Okay given an expression like $(x+y)^5$
we have terms
$x^ky^{n-k}$
So we have ${5 \choose 0} x^0y^5 + {5 \choose 1} x^1y^4+ {5 \choose 2} x^2y^3+ {5 \choose 3} x^3y^2+ {5 \choose 4} x^4y^1+ {5 \choose 5} x^5$
However when we have $(3x^2+y)^5$
we supposedly have $x^{n-k}y^k$ and we get:
${5 \choose 0} (3x^2)^5y^0+ {5 \choose 1} (3x^2)^4y^1+{5 \choose 2} (3x^2)^3y^2+{5 \choose 3} (3x^2)^2y^3 + {5 \choose 4} (3x^2)y^4+ {5 \choose 5} (3x^2)^0y^5$
which ends up as:
$243x^{10}y^0+ 625x^8y+27x^6y^2+9x^4y^3+3x^2y^4+y^5$
somehow my coefficients are off for the second term : it's apparently $5$ times $3^4$. How in the heck does that arise do we always multiply coefficients by the power n, in this case 5 and secondly my biggest question is why on earth is n-k on x instead of y?

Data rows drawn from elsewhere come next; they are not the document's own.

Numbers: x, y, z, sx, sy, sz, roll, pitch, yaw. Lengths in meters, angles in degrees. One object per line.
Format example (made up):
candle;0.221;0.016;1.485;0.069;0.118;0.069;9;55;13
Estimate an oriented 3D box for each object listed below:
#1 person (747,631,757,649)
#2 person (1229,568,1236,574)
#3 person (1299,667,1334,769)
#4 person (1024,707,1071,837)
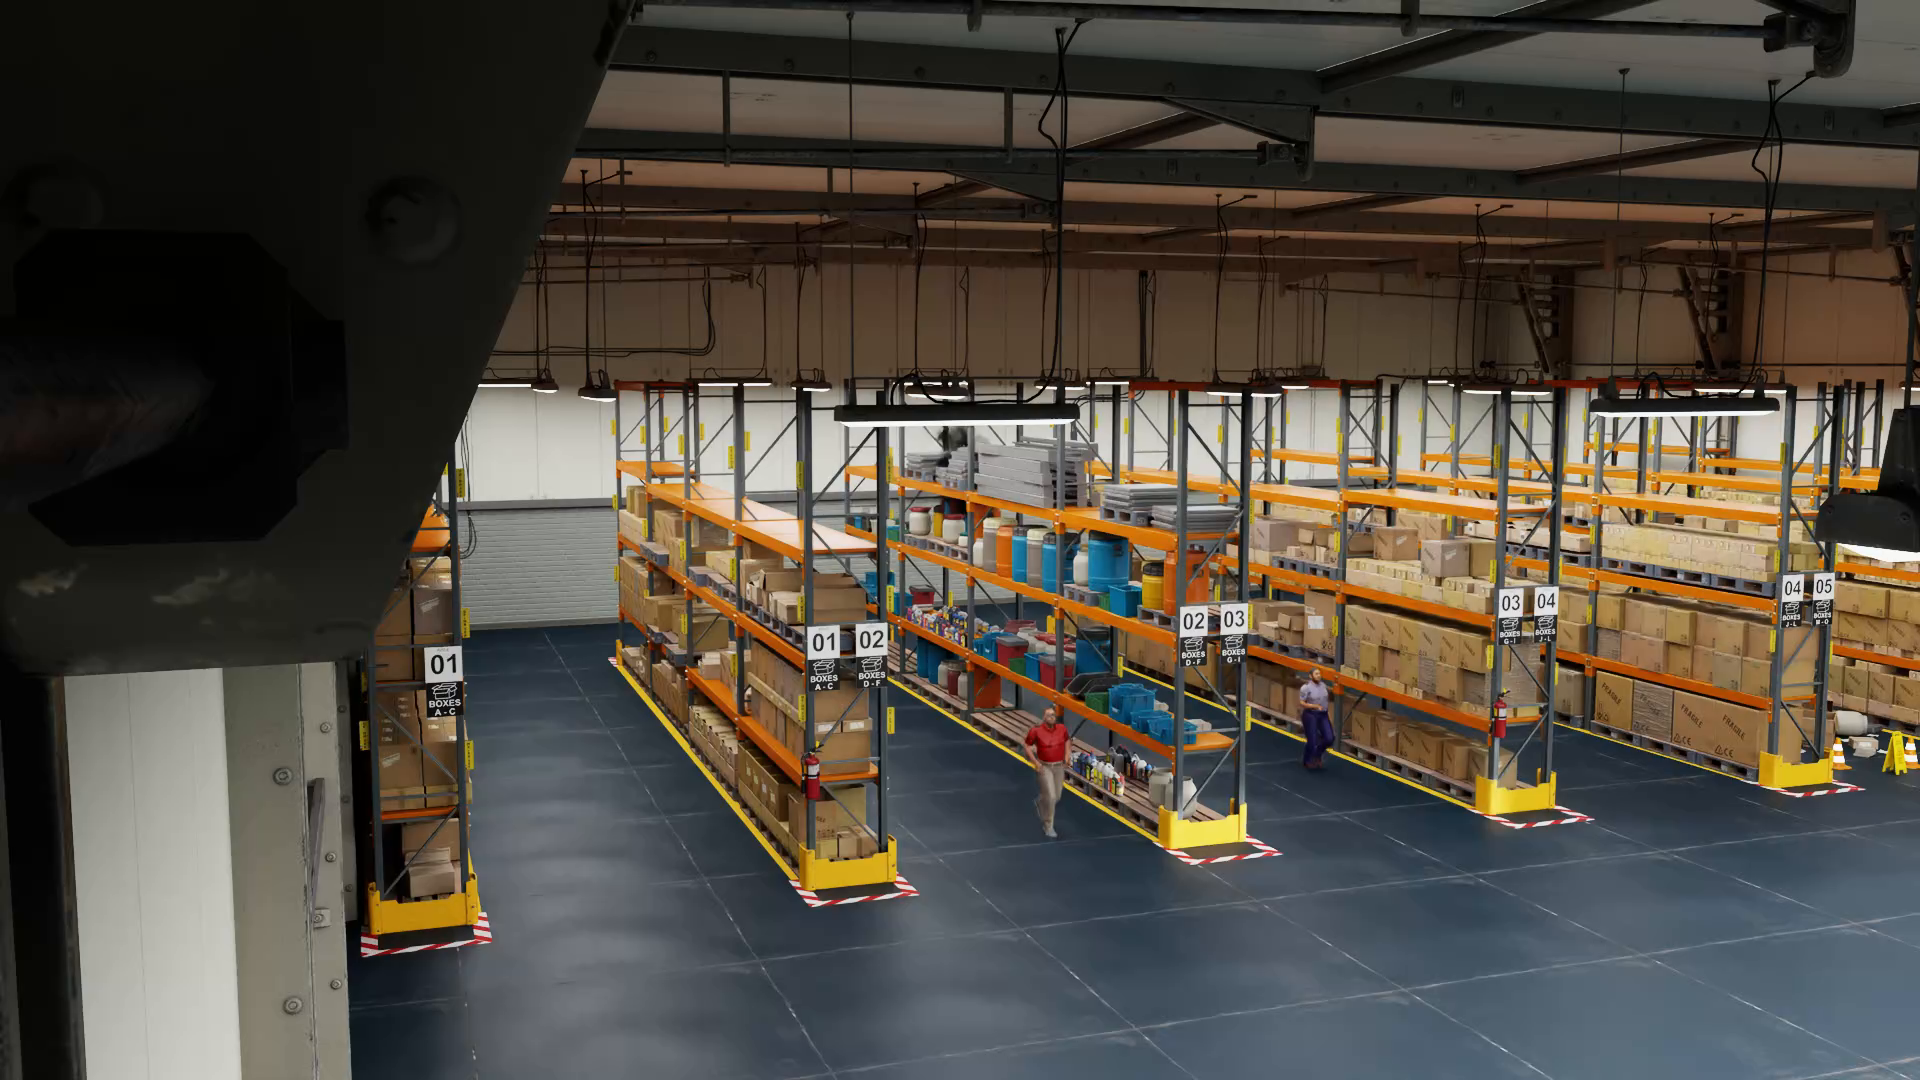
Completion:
person;-4.413;1.856;34.557;0.642;1.715;0.595;-3;7;-28
person;6.186;1.468;38.173;0.613;1.673;0.937;-3;7;-24
person;5.569;2.790;25.889;0.570;1.618;0.576;-3;7;-23
person;1.183;3.116;22.598;0.671;1.750;0.754;-2;7;-22
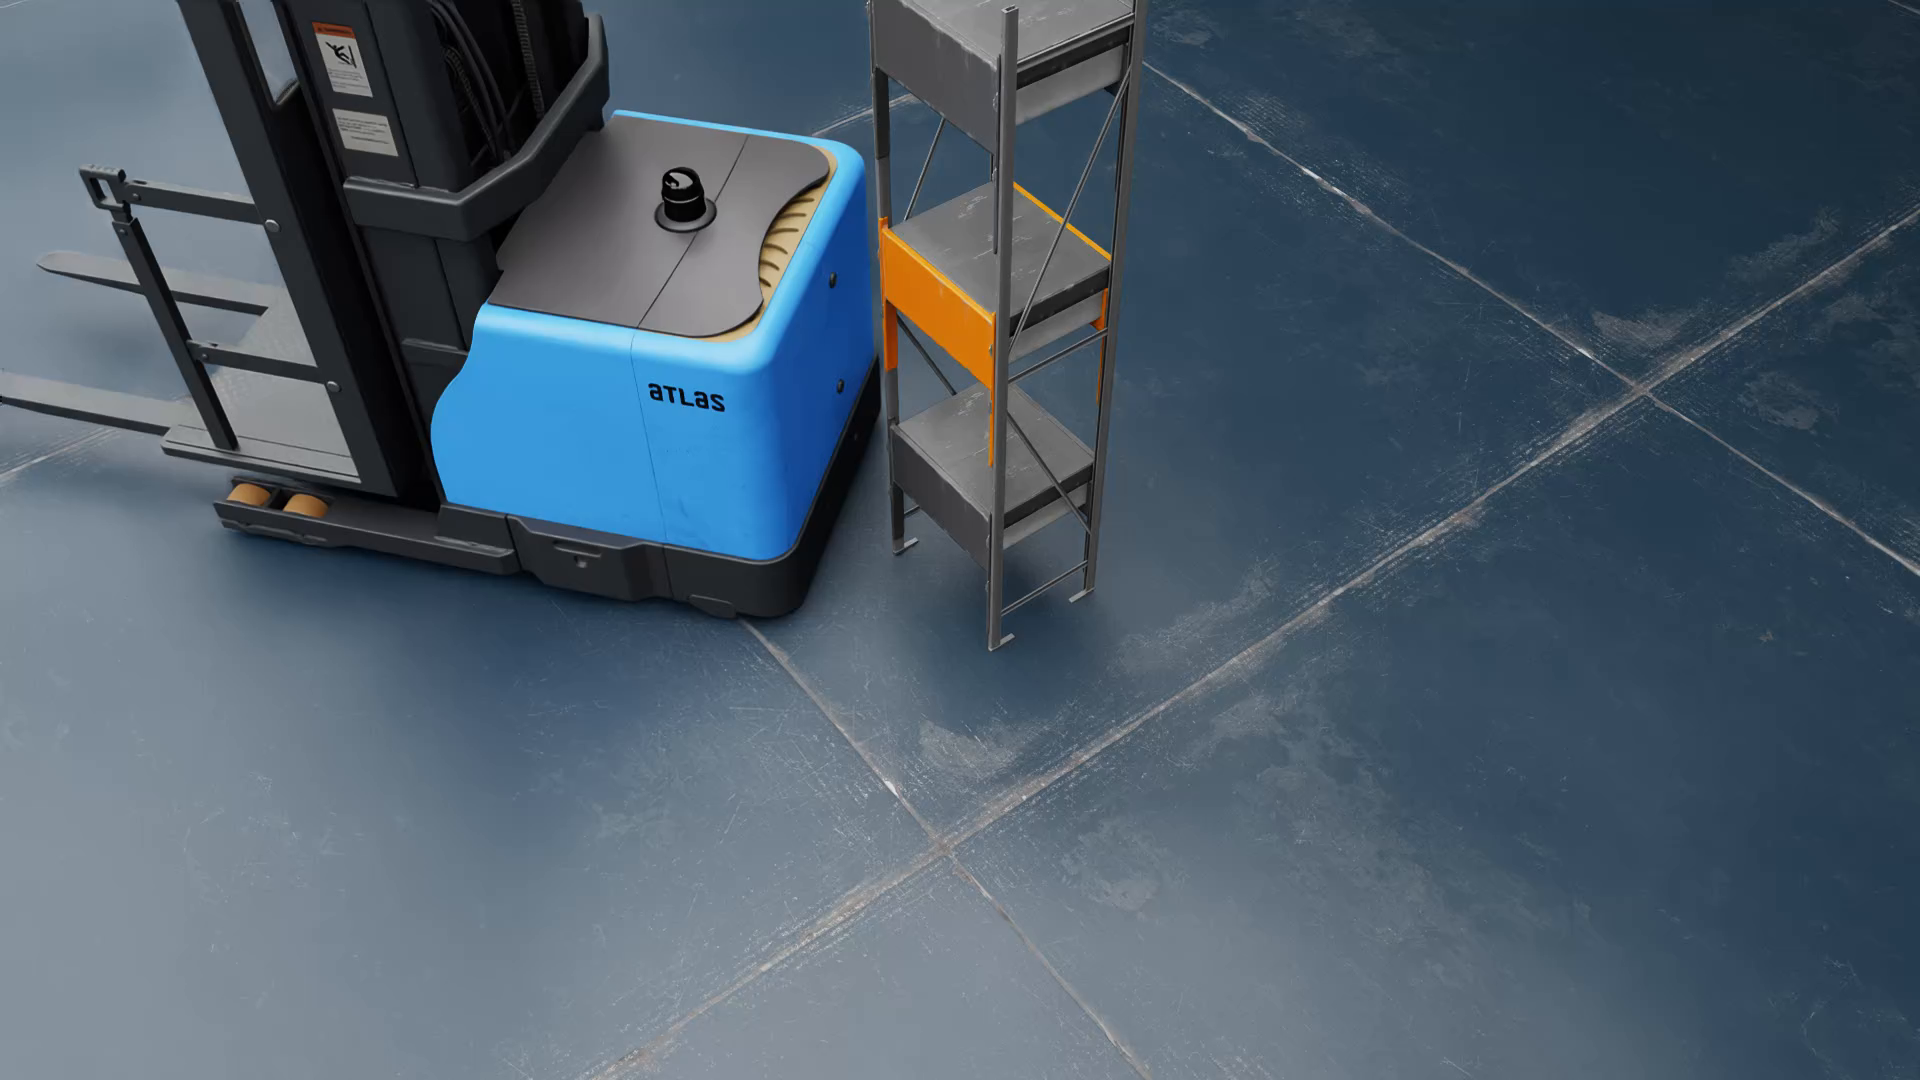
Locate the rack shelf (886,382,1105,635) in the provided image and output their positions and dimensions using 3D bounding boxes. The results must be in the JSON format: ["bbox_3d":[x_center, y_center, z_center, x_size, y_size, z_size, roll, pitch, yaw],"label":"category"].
[{"bbox_3d":[0.100,-0.128,4.912,0.431,0.518,0.480,-29,54,-24],"label":"rack shelf"}]

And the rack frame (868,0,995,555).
[{"bbox_3d":[-0.048,-0.752,4.514,0.400,2.100,0.015,-29,54,-24],"label":"rack frame"}]

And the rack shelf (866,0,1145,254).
[{"bbox_3d":[0.100,-1.069,3.875,0.431,0.518,0.480,-29,54,-24],"label":"rack shelf"}]

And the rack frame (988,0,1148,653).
[{"bbox_3d":[0.248,-0.464,4.253,0.400,2.100,0.015,-29,54,-24],"label":"rack frame"}]

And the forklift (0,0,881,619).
[{"bbox_3d":[-1.837,-1.336,4.483,3.031,2.935,1.130,10,49,9],"label":"forklift"}]

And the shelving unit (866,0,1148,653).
[{"bbox_3d":[0.100,-0.608,4.384,0.431,2.100,0.503,-29,54,-24],"label":"shelving unit"}]

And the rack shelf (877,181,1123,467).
[{"bbox_3d":[0.100,-0.598,4.394,0.431,0.518,0.480,-29,54,-24],"label":"rack shelf"}]
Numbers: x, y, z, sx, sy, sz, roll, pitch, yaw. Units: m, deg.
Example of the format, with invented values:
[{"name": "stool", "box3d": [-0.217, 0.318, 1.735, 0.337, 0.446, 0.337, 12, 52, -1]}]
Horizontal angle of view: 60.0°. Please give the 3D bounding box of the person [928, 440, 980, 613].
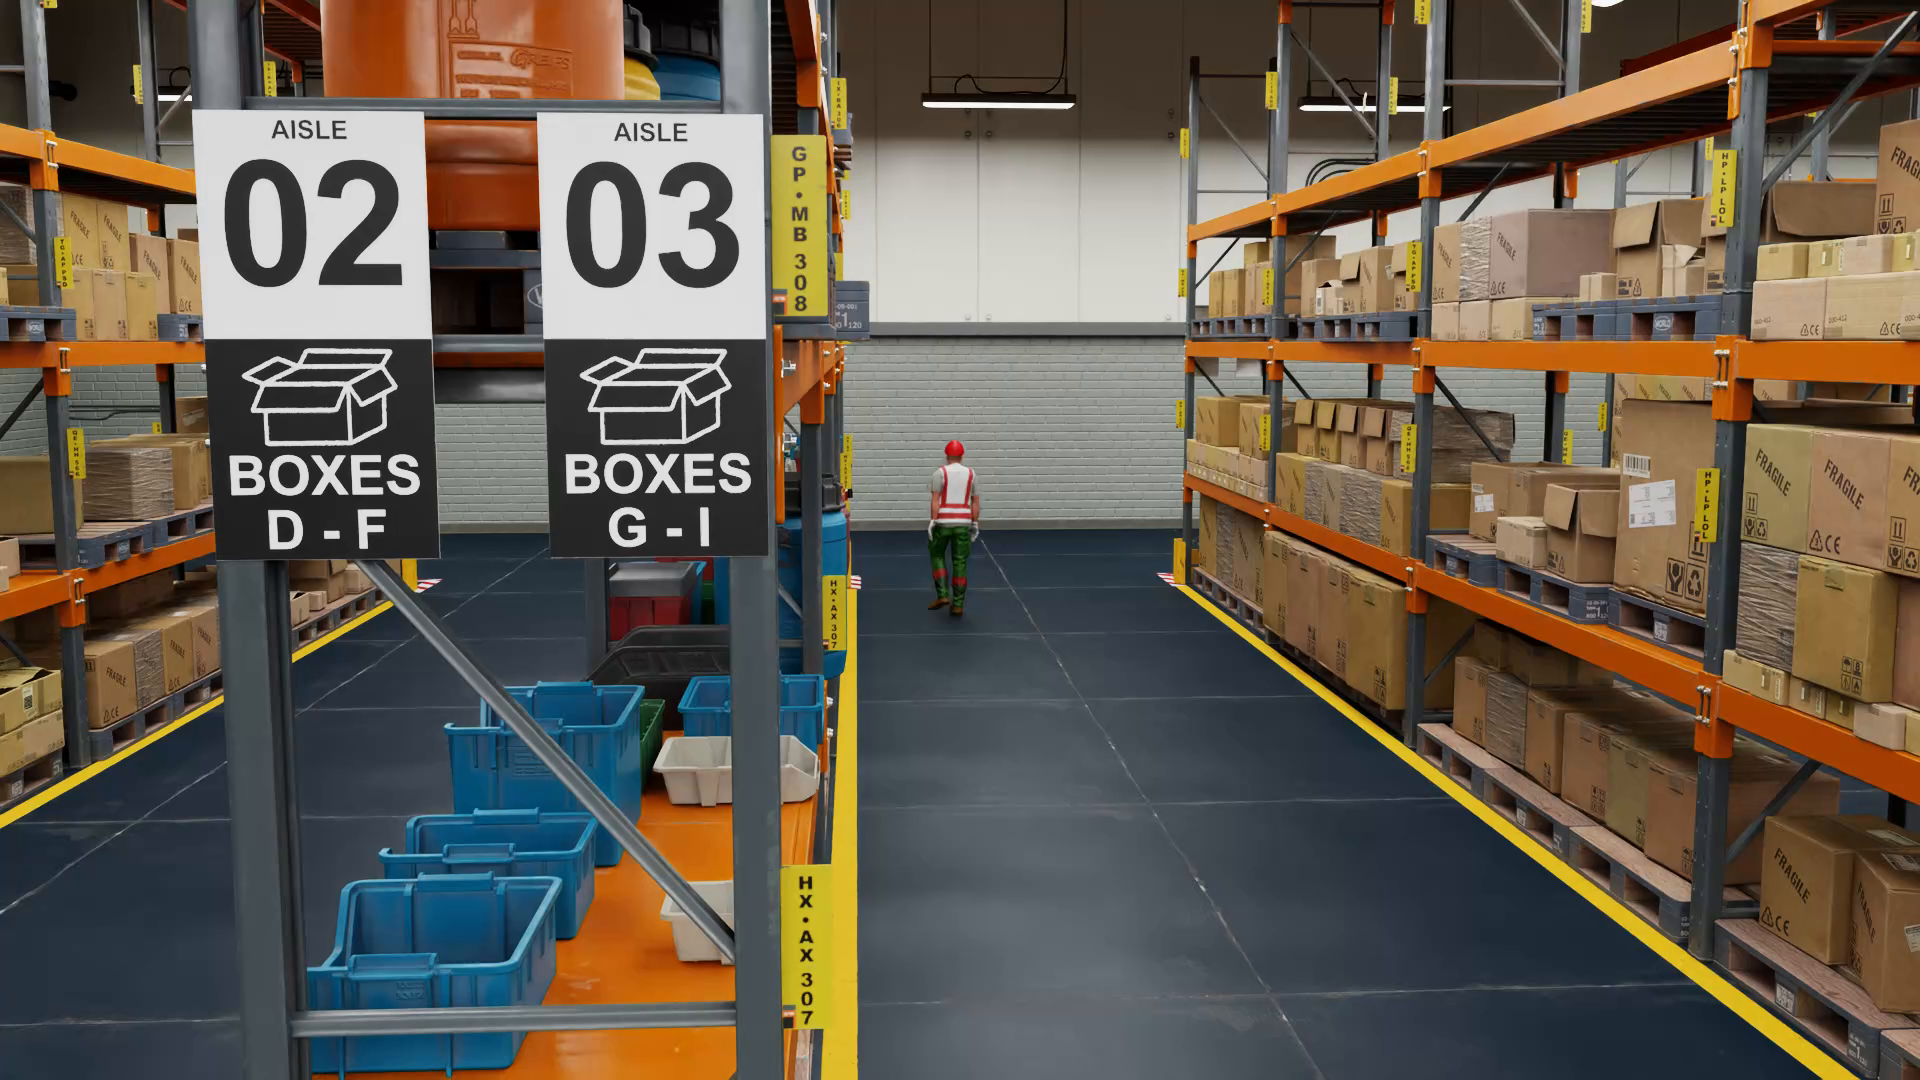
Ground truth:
[{"name": "person", "box3d": [-0.069, -0.139, 17.224, 0.579, 1.784, 0.534, -1, 7, -12]}]

What would happen in a situation where we have $(4x^3+5y^2)^3$ which term would get n-k and would I have to multiply some coefficients by 3?
What if we had $(x^2+7y^3)^2$? would n-k go on the $7y^3$?
Expansion of the expression $\left(x+y\right)^n$ gives :
$$\left(x+y\right)^n=\sum_{k=0}^n{n\choose k}x^ky^{n-k}$$
but you can also write it as :
$$\left(x+y\right)^n=\sum_{k=0}^n{n\choose k}x^{n-k}y^k$$
simply because addition and multiplication are commutative.
So you can put the exponent $n-k$ to whatever term you wish and put the exponent $k$ to the other one.